» **Your objective**:
Your copy of the entries below should hold exactly the lines from the one containing "#2 boat shoe (233,26,447,471)" to the one containing "- bread from (169, 0) to (371, 73)", inclusive, and no pictures.

(Data extracted from a collection)
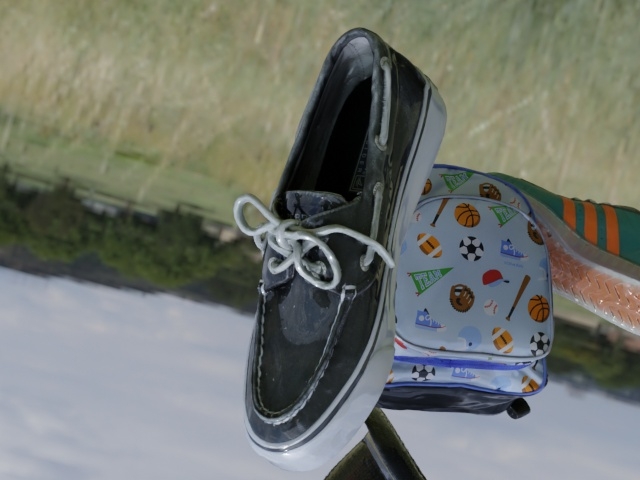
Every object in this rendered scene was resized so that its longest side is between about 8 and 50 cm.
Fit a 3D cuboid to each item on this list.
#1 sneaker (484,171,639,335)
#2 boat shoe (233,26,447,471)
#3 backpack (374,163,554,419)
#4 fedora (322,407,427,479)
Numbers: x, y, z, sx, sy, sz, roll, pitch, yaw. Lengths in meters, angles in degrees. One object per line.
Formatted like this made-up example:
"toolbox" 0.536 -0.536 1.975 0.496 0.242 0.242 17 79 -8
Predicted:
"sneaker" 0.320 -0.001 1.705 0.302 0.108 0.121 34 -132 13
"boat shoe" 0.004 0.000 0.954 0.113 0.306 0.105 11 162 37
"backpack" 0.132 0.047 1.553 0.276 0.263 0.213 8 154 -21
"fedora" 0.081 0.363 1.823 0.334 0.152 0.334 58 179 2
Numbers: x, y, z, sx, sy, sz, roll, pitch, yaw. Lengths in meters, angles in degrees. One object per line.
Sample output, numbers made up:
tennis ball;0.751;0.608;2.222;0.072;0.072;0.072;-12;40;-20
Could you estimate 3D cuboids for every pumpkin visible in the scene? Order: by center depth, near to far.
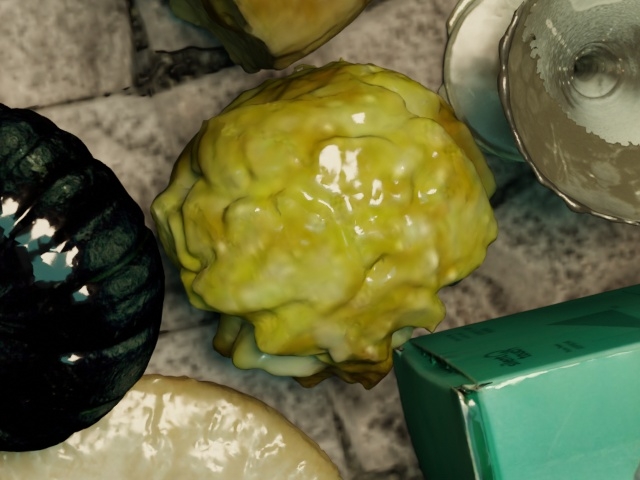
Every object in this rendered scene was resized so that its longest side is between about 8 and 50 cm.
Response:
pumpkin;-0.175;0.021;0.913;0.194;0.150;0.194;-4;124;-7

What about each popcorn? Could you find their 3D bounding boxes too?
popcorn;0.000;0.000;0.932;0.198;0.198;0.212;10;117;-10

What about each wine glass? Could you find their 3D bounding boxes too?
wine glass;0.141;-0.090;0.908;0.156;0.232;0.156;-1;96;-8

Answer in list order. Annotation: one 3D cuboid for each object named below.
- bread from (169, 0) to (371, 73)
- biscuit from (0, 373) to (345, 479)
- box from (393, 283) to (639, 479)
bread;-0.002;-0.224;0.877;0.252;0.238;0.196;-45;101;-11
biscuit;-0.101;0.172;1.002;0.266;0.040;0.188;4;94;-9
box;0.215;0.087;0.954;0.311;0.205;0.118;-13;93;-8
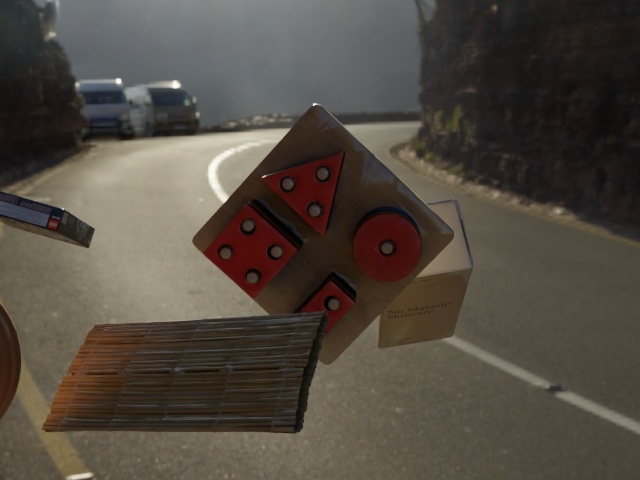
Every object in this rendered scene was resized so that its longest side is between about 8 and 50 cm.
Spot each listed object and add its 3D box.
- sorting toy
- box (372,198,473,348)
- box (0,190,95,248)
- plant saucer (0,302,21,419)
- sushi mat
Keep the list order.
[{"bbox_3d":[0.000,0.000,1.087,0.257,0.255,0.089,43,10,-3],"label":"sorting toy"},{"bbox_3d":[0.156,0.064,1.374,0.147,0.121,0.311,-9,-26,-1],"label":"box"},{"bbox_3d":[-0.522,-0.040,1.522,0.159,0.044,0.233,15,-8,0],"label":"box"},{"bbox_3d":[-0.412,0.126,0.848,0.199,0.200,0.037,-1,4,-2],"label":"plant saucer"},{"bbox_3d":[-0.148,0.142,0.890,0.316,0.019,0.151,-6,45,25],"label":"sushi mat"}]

--

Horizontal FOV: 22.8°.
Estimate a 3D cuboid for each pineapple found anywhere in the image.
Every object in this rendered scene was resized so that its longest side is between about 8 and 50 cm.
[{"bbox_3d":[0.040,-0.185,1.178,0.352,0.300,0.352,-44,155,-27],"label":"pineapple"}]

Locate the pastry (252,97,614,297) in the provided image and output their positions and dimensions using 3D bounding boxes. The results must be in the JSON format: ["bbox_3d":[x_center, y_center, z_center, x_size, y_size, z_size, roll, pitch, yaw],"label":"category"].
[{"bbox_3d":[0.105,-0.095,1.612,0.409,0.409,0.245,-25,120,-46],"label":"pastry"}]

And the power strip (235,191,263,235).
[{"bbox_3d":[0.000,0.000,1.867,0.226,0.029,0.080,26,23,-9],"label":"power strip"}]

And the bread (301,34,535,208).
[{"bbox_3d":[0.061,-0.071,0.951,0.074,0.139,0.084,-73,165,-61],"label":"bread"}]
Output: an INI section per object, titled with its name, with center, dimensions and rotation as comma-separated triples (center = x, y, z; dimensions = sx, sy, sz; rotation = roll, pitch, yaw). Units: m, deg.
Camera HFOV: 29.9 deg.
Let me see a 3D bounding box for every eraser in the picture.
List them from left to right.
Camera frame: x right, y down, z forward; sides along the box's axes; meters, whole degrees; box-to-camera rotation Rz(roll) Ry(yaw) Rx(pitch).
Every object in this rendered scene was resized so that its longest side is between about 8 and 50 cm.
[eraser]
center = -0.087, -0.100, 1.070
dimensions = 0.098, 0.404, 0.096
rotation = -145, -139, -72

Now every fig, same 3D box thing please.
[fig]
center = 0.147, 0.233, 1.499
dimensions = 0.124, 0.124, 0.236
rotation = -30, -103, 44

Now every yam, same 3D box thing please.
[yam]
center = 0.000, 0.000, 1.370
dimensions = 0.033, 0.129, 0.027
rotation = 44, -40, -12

» **Answer section**:
#2 boat shoe (233,26,447,471)
#3 backpack (374,163,554,419)
#4 fedora (322,407,427,479)
Numbers: x, y, z, sx, sy, sz, roll, pitch, yaw. Lengths in meters, angles in degrees. One object per line.
Formatted like this made-up example:
"toolbox" 0.536 -0.536 1.975 0.496 0.242 0.242 17 79 -8
Predicted:
"sneaker" 0.320 -0.001 1.705 0.302 0.108 0.121 34 -132 13
"boat shoe" 0.004 0.000 0.954 0.113 0.306 0.105 11 162 37
"backpack" 0.132 0.047 1.553 0.276 0.263 0.213 8 154 -21
"fedora" 0.081 0.363 1.823 0.334 0.152 0.334 58 179 2
Numbers: x, y, z, sx, sy, sz, roll, pitch, yaw. Lengths in meters, angles in degrees. One object per line.
Sample output, numbers made up:
tennis ball;0.751;0.608;2.222;0.072;0.072;0.072;-12;40;-20
Could you estimate 3D cuboids for every pumpkin visible in the scene? Order: by center depth, near to far.
Every object in this rendered scene was resized so that its longest side is between about 8 and 50 cm.
Response:
pumpkin;-0.175;0.021;0.913;0.194;0.150;0.194;-4;124;-7

What about each popcorn? Could you find their 3D bounding boxes too?
popcorn;0.000;0.000;0.932;0.198;0.198;0.212;10;117;-10

What about each wine glass? Could you find their 3D bounding boxes too?
wine glass;0.141;-0.090;0.908;0.156;0.232;0.156;-1;96;-8

Answer in list order. Annotation: one 3D cuboid for each object named below.
- bread from (169, 0) to (371, 73)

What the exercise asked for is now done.